The name of this bar could be translated as ‘Cheap Snacks Bar’ and that is exactly what they offer. The interior of the bar is designed to have a retro, Showa-era appeal and offers all-you-can-eat snacks for the nostalgic. A table charge of 500 yen (about $6 US) gets you access to the goodies and any other food and drink you order are changed separately.

Vowz Bar

No, this bar doesn’t have anything to do with marriage. It’s a play on words for the Japanese bouzu, or Buddhist priest. And your drink-slinger will in fact be a Buddhist priest. According to the website, their staff hail from various sects of Buddhism, so you can discuss the finer points of dogma while you get sloshed. Now that’s enlightened!


Japan has very restrictive gun laws, so you probably won’t even see one on a police officer while you’re here. If you get nostalgic for more heavily armed locales, there’s always HollowPoint. The only bar of its kind in Japan, HollowPoint let’s customers fire up in their special shooting range. Not to worry though, they’re just air guns, so they can’t do much damage. You’ll also get to choose from various targets to go all Jack Bauer on, including empty cans.

Planetarium Bar

If you have enough to drink, you can see stars at any bar, but Planetarium Bar lets you enjoy the stars without the hangover. The bar uses a planetarium projector capable of showing 5,000,000 distinct stars. The city lights mean you rarely see many stars, but now Tokyoites can get drunk under the stars without even leaving town!

Nakameguro Ping Pong Lounge

Some people just don’t like sitting still while they enjoy a beer and now those people can add ping pong to their repertoire of darts, pool and bowling. In an unassuming private residence near the station, you can do your best Ai Fukuhara impression and enjoy a few cold ones with your friends.

Aladdin and Hookahs

This one’s a twofer in honor of the twin names of the water pipe, the hookah and the shisha. Both of these fine establishments offer various flavored no-tar, low nicotine tobaccos for smoking while enjoying the over-the-top Middle Eastern decor. And the waitstaff aren’t too hard on the eyes either.

Ninja Akasaka

Is it a tourist trap? Probably. But is it loads of goofy fun? Most definitely! Who wouldn’t want to go to a ninja-themed restaurant? Nobody, that’s who! Not only will your waiter employ his ninja prowess in bringing your order, he’ll also do magic tricks for your entertainment.

Fishing Izakaya Zauo

It doesn’t get any fresher than this, folks. At this Japanese-style pub, you sit over a giant fish tank in a boat, catch your dinner and eat it on the spot. Staff say it’s not just delicious, it’s a feast for your eyes and a whole lot of fun too.

Little TGV

You’ve probably heard of maid cafes, and this place is along the same lines, if you’ll excuse the pun. Instead of maids, though, your waitress will be a cute train conductor! They also have tables made from train benches, food served in train-shaped dishes and model trains zipping about. Everything your inner train nerd desires!

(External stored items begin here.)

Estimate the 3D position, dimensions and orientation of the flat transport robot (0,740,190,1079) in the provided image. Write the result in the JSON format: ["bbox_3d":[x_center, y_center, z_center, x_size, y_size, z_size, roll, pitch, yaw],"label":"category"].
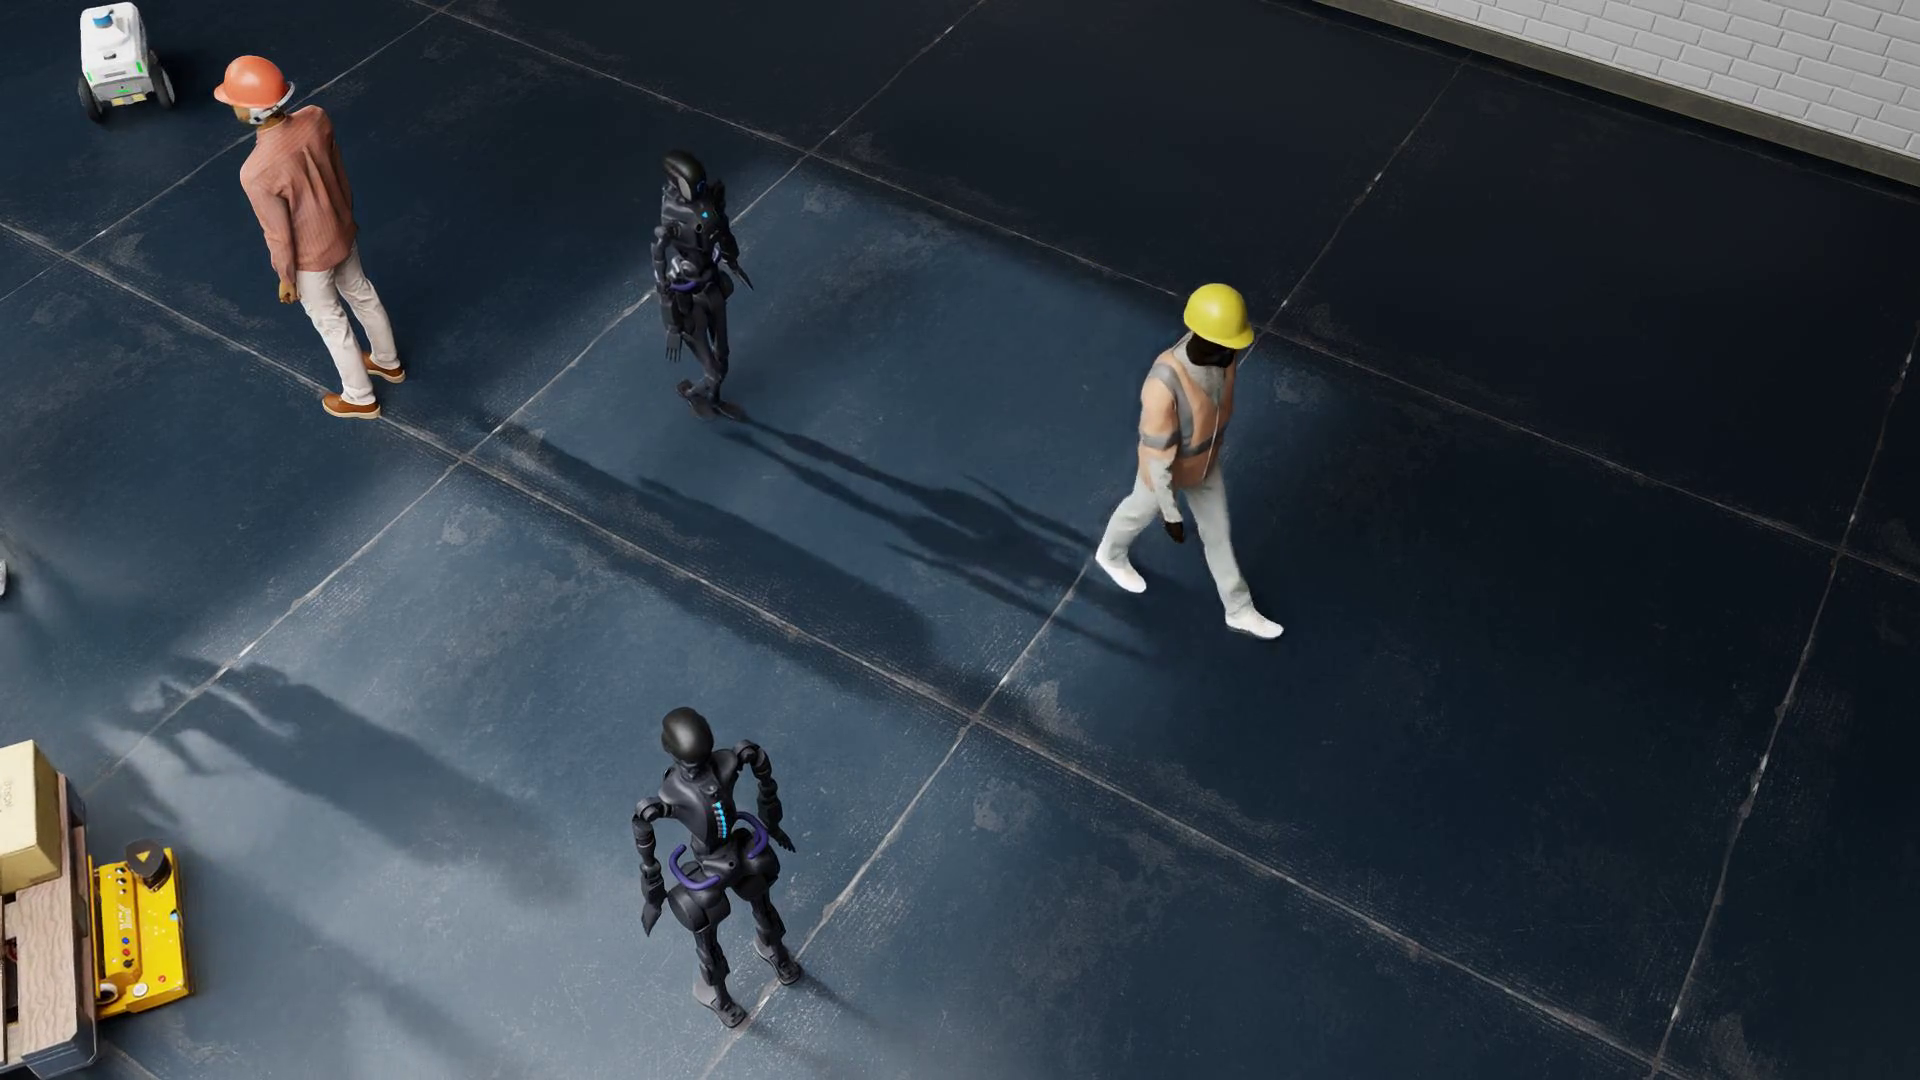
[{"bbox_3d":[-3.742,1.665,6.360,1.431,0.231,0.659,-17,51,-14],"label":"flat transport robot"}]

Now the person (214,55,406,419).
[{"bbox_3d":[-3.066,-1.416,7.906,0.370,1.996,0.620,13,50,11],"label":"person"}]

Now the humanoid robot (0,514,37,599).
[{"bbox_3d":[-4.515,-0.341,7.186,0.552,1.830,0.825,-15,51,-13],"label":"humanoid robot"}]

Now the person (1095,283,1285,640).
[{"bbox_3d":[0.997,-0.302,7.013,0.595,1.875,0.988,-36,58,-27],"label":"person"}]

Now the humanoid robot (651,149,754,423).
[{"bbox_3d":[-1.232,-1.183,7.918,0.349,1.647,0.612,23,53,19],"label":"humanoid robot"}]

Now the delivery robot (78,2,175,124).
[{"bbox_3d":[-5.175,-2.946,10.205,0.524,0.602,0.773,-15,51,-13],"label":"delivery robot"}]

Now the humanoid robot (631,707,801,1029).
[{"bbox_3d":[-0.854,1.159,5.866,0.616,1.649,0.326,-32,56,-25],"label":"humanoid robot"}]

Issey and Ginza 12 O’Clock

If you are looking for a magic night out in a quite literal sense, these two bars should be your destinations. A table charge will get you in the door for the evening magic shows and the magicians also make the rounds to do magic at your table. But with the cheapest table charges starting at 4,500 yen, just make sure they don’t make your wallet disappear…


If you’re familiar with Japanese entertainers, you will probably get a kick out of this bar. They put on two shows a night (3 on weekends) featuring impersonations of famous performers like Hikaru Utada and Mr. Children. Even if you aren’t that familiar with the Japanese pop culture, you might get lucky. Their website lists Michael Jackson, Bon Jovi and Elvis impersonators too.

Of course, this list only scratches the surface of the quirky smorgasbord that is Tokyo.